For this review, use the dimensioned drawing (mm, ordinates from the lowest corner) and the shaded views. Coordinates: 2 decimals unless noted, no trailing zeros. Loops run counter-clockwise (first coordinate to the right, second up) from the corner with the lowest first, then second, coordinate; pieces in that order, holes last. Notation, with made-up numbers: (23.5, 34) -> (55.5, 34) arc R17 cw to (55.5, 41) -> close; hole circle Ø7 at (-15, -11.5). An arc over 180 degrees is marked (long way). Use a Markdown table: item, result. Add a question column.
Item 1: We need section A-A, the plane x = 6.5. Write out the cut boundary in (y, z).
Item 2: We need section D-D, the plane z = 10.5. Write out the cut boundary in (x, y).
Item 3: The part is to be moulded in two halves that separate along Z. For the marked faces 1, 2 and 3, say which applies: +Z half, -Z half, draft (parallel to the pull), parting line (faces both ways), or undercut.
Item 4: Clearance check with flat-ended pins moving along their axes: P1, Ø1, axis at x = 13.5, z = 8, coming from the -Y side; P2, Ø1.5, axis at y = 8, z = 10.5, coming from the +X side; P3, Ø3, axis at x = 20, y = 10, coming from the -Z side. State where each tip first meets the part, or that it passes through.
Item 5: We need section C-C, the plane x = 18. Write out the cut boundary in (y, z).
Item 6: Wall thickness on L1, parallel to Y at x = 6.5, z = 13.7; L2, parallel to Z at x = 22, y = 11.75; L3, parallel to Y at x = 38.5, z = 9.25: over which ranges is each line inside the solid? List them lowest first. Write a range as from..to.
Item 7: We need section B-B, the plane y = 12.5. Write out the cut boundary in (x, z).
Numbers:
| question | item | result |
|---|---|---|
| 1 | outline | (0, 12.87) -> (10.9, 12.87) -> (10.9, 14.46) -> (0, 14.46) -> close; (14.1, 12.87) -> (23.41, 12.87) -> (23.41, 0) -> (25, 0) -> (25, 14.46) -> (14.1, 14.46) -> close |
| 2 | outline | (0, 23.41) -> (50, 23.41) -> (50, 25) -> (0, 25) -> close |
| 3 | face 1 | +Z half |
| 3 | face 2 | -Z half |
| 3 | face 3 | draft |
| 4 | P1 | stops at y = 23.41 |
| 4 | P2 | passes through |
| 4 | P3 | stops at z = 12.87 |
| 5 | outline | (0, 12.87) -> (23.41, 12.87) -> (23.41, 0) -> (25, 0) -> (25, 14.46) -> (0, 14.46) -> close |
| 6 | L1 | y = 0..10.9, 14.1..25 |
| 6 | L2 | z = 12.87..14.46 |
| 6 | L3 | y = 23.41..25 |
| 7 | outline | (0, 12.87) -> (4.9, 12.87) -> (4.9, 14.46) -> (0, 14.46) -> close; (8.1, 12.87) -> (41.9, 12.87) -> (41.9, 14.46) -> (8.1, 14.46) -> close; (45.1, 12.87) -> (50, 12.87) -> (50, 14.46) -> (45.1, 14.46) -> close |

What is being asked. Count of lines in the data above that contain the string "half": give this number and no other words.

Output of the exercise. 3